WORK ORDER: Please repeat exactly the lines below from the one containing "Your response must be concise. 84.6." down to the one containing "Your answer should be compact. 90.8.", both included, and nothing else.

EXCERPTED RECORDS:

★ ★ ★ ★

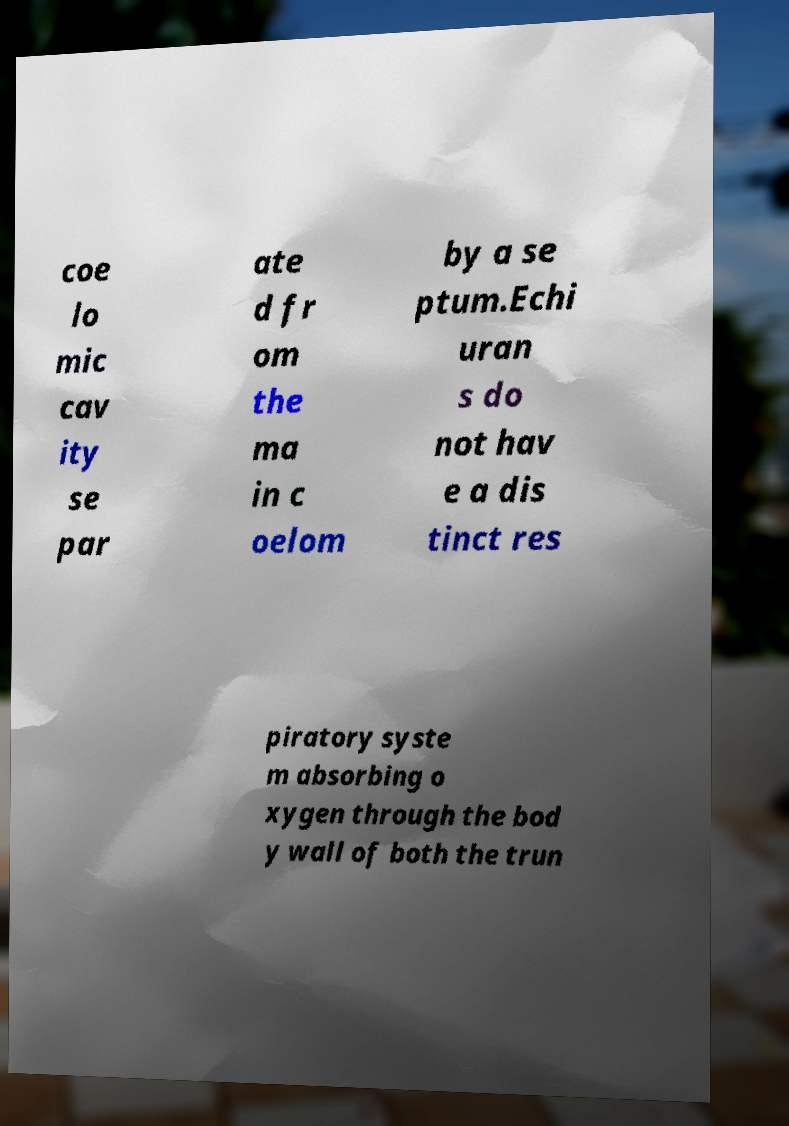Please identify and transcribe the text found in this image. coe lo mic cav ity se par ate d fr om the ma in c oelom by a se ptum.Echi uran s do not hav e a dis tinct res piratory syste m absorbing o xygen through the bod y wall of both the trun 
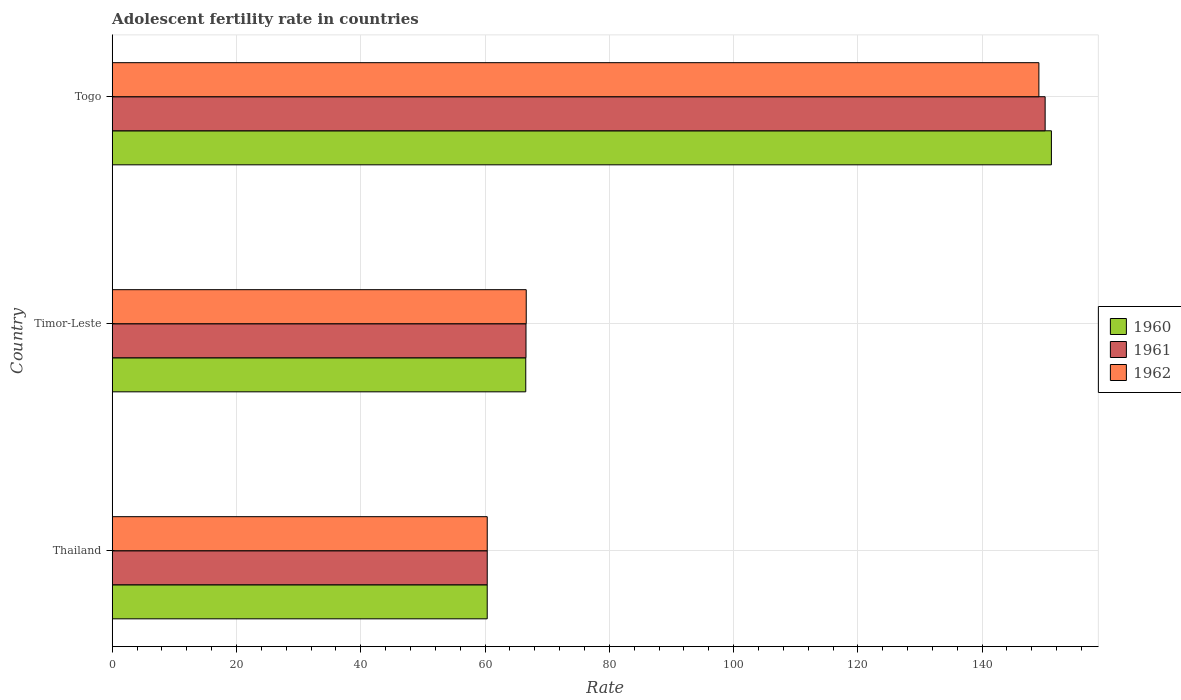How many different coloured bars are there?
Offer a terse response. 3. How many groups of bars are there?
Ensure brevity in your answer.  3. Are the number of bars per tick equal to the number of legend labels?
Make the answer very short. Yes. Are the number of bars on each tick of the Y-axis equal?
Your answer should be compact. Yes. What is the label of the 3rd group of bars from the top?
Give a very brief answer. Thailand. What is the adolescent fertility rate in 1962 in Togo?
Make the answer very short. 149.13. Across all countries, what is the maximum adolescent fertility rate in 1961?
Your response must be concise. 150.14. Across all countries, what is the minimum adolescent fertility rate in 1960?
Offer a very short reply. 60.35. In which country was the adolescent fertility rate in 1962 maximum?
Offer a very short reply. Togo. In which country was the adolescent fertility rate in 1962 minimum?
Make the answer very short. Thailand. What is the total adolescent fertility rate in 1960 in the graph?
Your response must be concise. 278.05. What is the difference between the adolescent fertility rate in 1961 in Timor-Leste and that in Togo?
Offer a terse response. -83.55. What is the difference between the adolescent fertility rate in 1962 in Thailand and the adolescent fertility rate in 1961 in Timor-Leste?
Offer a very short reply. -6.24. What is the average adolescent fertility rate in 1962 per country?
Keep it short and to the point. 92.04. What is the difference between the adolescent fertility rate in 1961 and adolescent fertility rate in 1960 in Timor-Leste?
Provide a succinct answer. 0.04. What is the ratio of the adolescent fertility rate in 1962 in Thailand to that in Togo?
Your response must be concise. 0.4. Is the adolescent fertility rate in 1960 in Timor-Leste less than that in Togo?
Ensure brevity in your answer.  Yes. What is the difference between the highest and the second highest adolescent fertility rate in 1960?
Your answer should be compact. 84.6. What is the difference between the highest and the lowest adolescent fertility rate in 1960?
Provide a short and direct response. 90.8. What does the 1st bar from the top in Timor-Leste represents?
Offer a very short reply. 1962. Is it the case that in every country, the sum of the adolescent fertility rate in 1962 and adolescent fertility rate in 1960 is greater than the adolescent fertility rate in 1961?
Give a very brief answer. Yes. How many countries are there in the graph?
Your answer should be very brief. 3. Are the values on the major ticks of X-axis written in scientific E-notation?
Provide a short and direct response. No. Does the graph contain any zero values?
Your answer should be compact. No. What is the title of the graph?
Give a very brief answer. Adolescent fertility rate in countries. What is the label or title of the X-axis?
Offer a terse response. Rate. What is the Rate of 1960 in Thailand?
Provide a short and direct response. 60.35. What is the Rate in 1961 in Thailand?
Give a very brief answer. 60.35. What is the Rate in 1962 in Thailand?
Keep it short and to the point. 60.35. What is the Rate in 1960 in Timor-Leste?
Make the answer very short. 66.55. What is the Rate of 1961 in Timor-Leste?
Make the answer very short. 66.59. What is the Rate in 1962 in Timor-Leste?
Give a very brief answer. 66.63. What is the Rate in 1960 in Togo?
Your answer should be compact. 151.15. What is the Rate of 1961 in Togo?
Offer a terse response. 150.14. What is the Rate of 1962 in Togo?
Ensure brevity in your answer.  149.13. Across all countries, what is the maximum Rate in 1960?
Your answer should be compact. 151.15. Across all countries, what is the maximum Rate in 1961?
Your response must be concise. 150.14. Across all countries, what is the maximum Rate in 1962?
Offer a terse response. 149.13. Across all countries, what is the minimum Rate in 1960?
Your answer should be compact. 60.35. Across all countries, what is the minimum Rate of 1961?
Your answer should be compact. 60.35. Across all countries, what is the minimum Rate in 1962?
Your answer should be very brief. 60.35. What is the total Rate of 1960 in the graph?
Provide a succinct answer. 278.05. What is the total Rate in 1961 in the graph?
Keep it short and to the point. 277.08. What is the total Rate in 1962 in the graph?
Your response must be concise. 276.11. What is the difference between the Rate of 1960 in Thailand and that in Timor-Leste?
Offer a very short reply. -6.2. What is the difference between the Rate of 1961 in Thailand and that in Timor-Leste?
Make the answer very short. -6.24. What is the difference between the Rate of 1962 in Thailand and that in Timor-Leste?
Ensure brevity in your answer.  -6.28. What is the difference between the Rate in 1960 in Thailand and that in Togo?
Ensure brevity in your answer.  -90.8. What is the difference between the Rate in 1961 in Thailand and that in Togo?
Provide a short and direct response. -89.79. What is the difference between the Rate of 1962 in Thailand and that in Togo?
Keep it short and to the point. -88.78. What is the difference between the Rate in 1960 in Timor-Leste and that in Togo?
Ensure brevity in your answer.  -84.6. What is the difference between the Rate of 1961 in Timor-Leste and that in Togo?
Offer a terse response. -83.55. What is the difference between the Rate of 1962 in Timor-Leste and that in Togo?
Offer a very short reply. -82.5. What is the difference between the Rate of 1960 in Thailand and the Rate of 1961 in Timor-Leste?
Offer a very short reply. -6.24. What is the difference between the Rate in 1960 in Thailand and the Rate in 1962 in Timor-Leste?
Provide a short and direct response. -6.28. What is the difference between the Rate in 1961 in Thailand and the Rate in 1962 in Timor-Leste?
Your answer should be compact. -6.28. What is the difference between the Rate in 1960 in Thailand and the Rate in 1961 in Togo?
Make the answer very short. -89.79. What is the difference between the Rate of 1960 in Thailand and the Rate of 1962 in Togo?
Offer a very short reply. -88.78. What is the difference between the Rate in 1961 in Thailand and the Rate in 1962 in Togo?
Ensure brevity in your answer.  -88.78. What is the difference between the Rate of 1960 in Timor-Leste and the Rate of 1961 in Togo?
Offer a terse response. -83.59. What is the difference between the Rate in 1960 in Timor-Leste and the Rate in 1962 in Togo?
Make the answer very short. -82.58. What is the difference between the Rate of 1961 in Timor-Leste and the Rate of 1962 in Togo?
Provide a short and direct response. -82.54. What is the average Rate in 1960 per country?
Provide a short and direct response. 92.68. What is the average Rate in 1961 per country?
Your response must be concise. 92.36. What is the average Rate in 1962 per country?
Ensure brevity in your answer.  92.04. What is the difference between the Rate of 1960 and Rate of 1961 in Thailand?
Ensure brevity in your answer.  -0. What is the difference between the Rate in 1960 and Rate in 1962 in Thailand?
Your answer should be very brief. -0. What is the difference between the Rate of 1961 and Rate of 1962 in Thailand?
Your answer should be compact. -0. What is the difference between the Rate of 1960 and Rate of 1961 in Timor-Leste?
Provide a succinct answer. -0.04. What is the difference between the Rate in 1960 and Rate in 1962 in Timor-Leste?
Give a very brief answer. -0.08. What is the difference between the Rate of 1961 and Rate of 1962 in Timor-Leste?
Ensure brevity in your answer.  -0.04. What is the difference between the Rate in 1960 and Rate in 1961 in Togo?
Offer a terse response. 1.01. What is the difference between the Rate of 1960 and Rate of 1962 in Togo?
Ensure brevity in your answer.  2.02. What is the difference between the Rate of 1961 and Rate of 1962 in Togo?
Your response must be concise. 1.01. What is the ratio of the Rate of 1960 in Thailand to that in Timor-Leste?
Your answer should be very brief. 0.91. What is the ratio of the Rate in 1961 in Thailand to that in Timor-Leste?
Offer a terse response. 0.91. What is the ratio of the Rate in 1962 in Thailand to that in Timor-Leste?
Give a very brief answer. 0.91. What is the ratio of the Rate of 1960 in Thailand to that in Togo?
Offer a very short reply. 0.4. What is the ratio of the Rate in 1961 in Thailand to that in Togo?
Offer a terse response. 0.4. What is the ratio of the Rate in 1962 in Thailand to that in Togo?
Ensure brevity in your answer.  0.4. What is the ratio of the Rate in 1960 in Timor-Leste to that in Togo?
Ensure brevity in your answer.  0.44. What is the ratio of the Rate of 1961 in Timor-Leste to that in Togo?
Keep it short and to the point. 0.44. What is the ratio of the Rate in 1962 in Timor-Leste to that in Togo?
Ensure brevity in your answer.  0.45. What is the difference between the highest and the second highest Rate of 1960?
Your response must be concise. 84.6. What is the difference between the highest and the second highest Rate of 1961?
Provide a succinct answer. 83.55. What is the difference between the highest and the second highest Rate of 1962?
Keep it short and to the point. 82.5. What is the difference between the highest and the lowest Rate of 1960?
Your answer should be compact. 90.8. What is the difference between the highest and the lowest Rate in 1961?
Your answer should be compact. 89.79. What is the difference between the highest and the lowest Rate in 1962?
Your answer should be very brief. 88.78.

★ ★ ★ ★

EXPECTED ANSWER:
Your response must be concise. 84.6. What is the difference between the highest and the second highest Rate of 1961?
Provide a succinct answer. 83.55. What is the difference between the highest and the second highest Rate of 1962?
Keep it short and to the point. 82.5. What is the difference between the highest and the lowest Rate of 1960?
Your answer should be compact. 90.8. What is the difference between the highest and the lowest Rate in 1961?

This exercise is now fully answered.